第五章第2話 怪しい人物と潜入捜査


放課後の学園内。

碧と結は、消えた招待状の行方を追うため、校舎の隅々を調査していた。


「碧ちゃん、まずは昨日の出入り記録を確認しよう」結がメモ帳を広げる。

「うん、鍵を持っていたのは生徒会の人たちと文化祭実行委員だけ……」碧は資料をじっと見つめる。

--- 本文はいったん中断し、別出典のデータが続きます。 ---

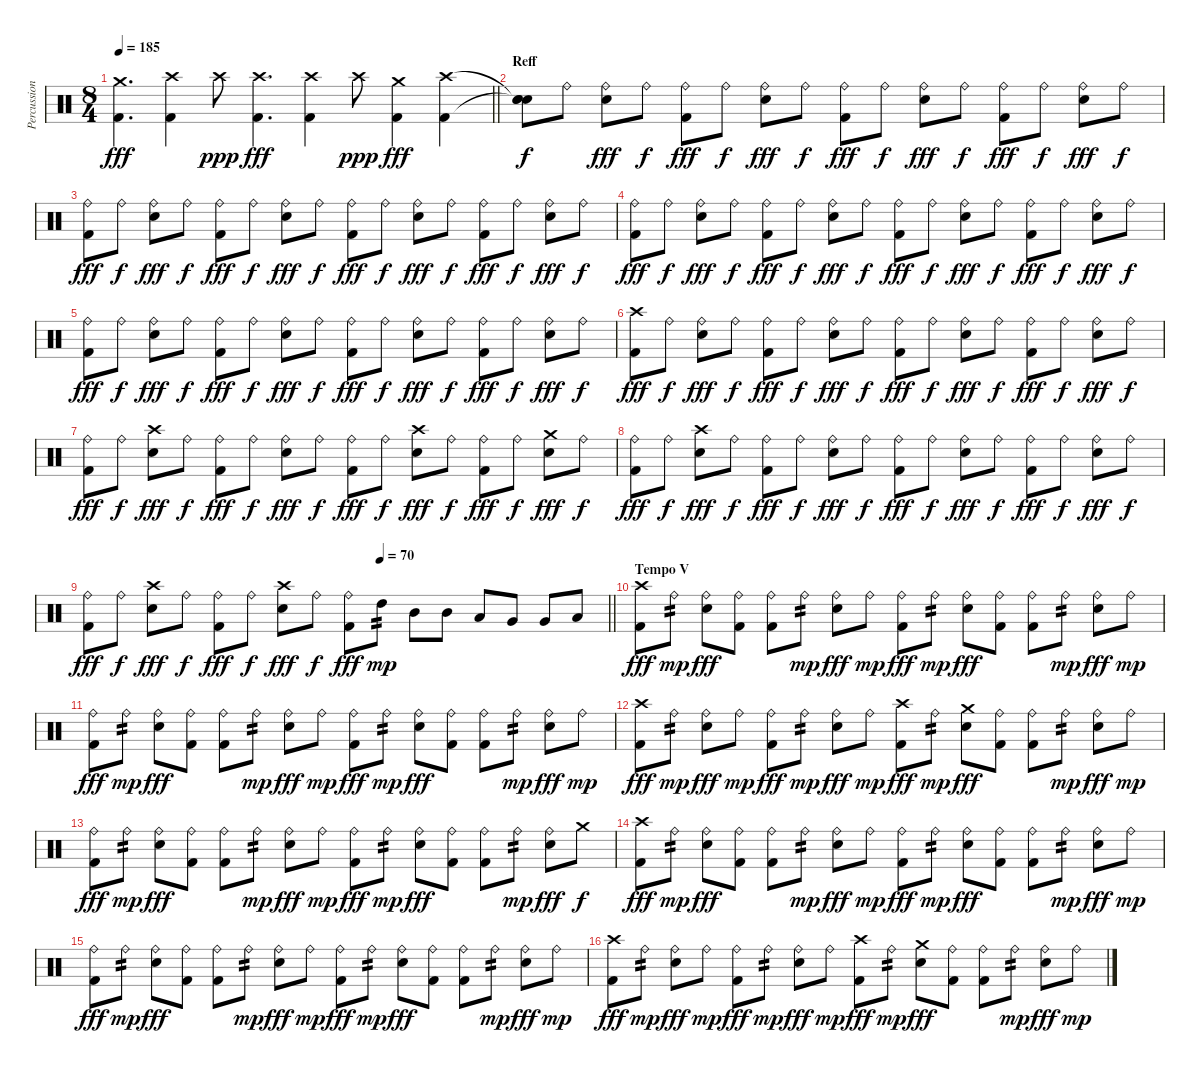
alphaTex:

廊下を進むと、物陰から誰かがひそひそと話す声が聞こえた。

「……怪しい……」碧は小声でつぶやき、結に耳打ちする。

「確かに、音の出どころを確認しよう」結も静かに声を潜める。


音の主は、実行委員の山口と美術部の藤井だった。

「招待状の整理は終わったはずなのに、消えたってどういうことだろう」山口は眉をひそめる。

「もしかして、誰かが勝手に触ったのかも」藤井も心配そうに言った。


碧はすばやく観察する。

「山口先輩と藤井先輩、昨日は何時ごろここにいたの?」

「夕方の5時くらいまで準備してたよ」山口が答える。

「その間に消えた可能性が高いね」碧は納得の表情。


さらに、廊下の床に赤い紙片を発見。

「またこのパターン……警告の紙?」結が指摘する。

碧は紙を拾い、文字を確認する。


> 『明日の学園祭、驚かせてあげる』




「うーん……今回も犯人は“注目を集める”タイプだね」碧はニヤリ。

「でも、規模が大きいから、単独犯ではない可能性もある」結が分析する。


二人は、各クラスや部活に潜入して、招待状の保管状況を確認。

「怪しい人物の動きが見えてきた」碧が目を輝かせる。

「犯人は複数か、一人で巧妙に動いているか……いずれにせよ、次の手がかりは近いわね」結も慎重にうなずく。


こうして、碧と結の潜入調査は、消えた招待状事件の核心に迫る第一歩となった。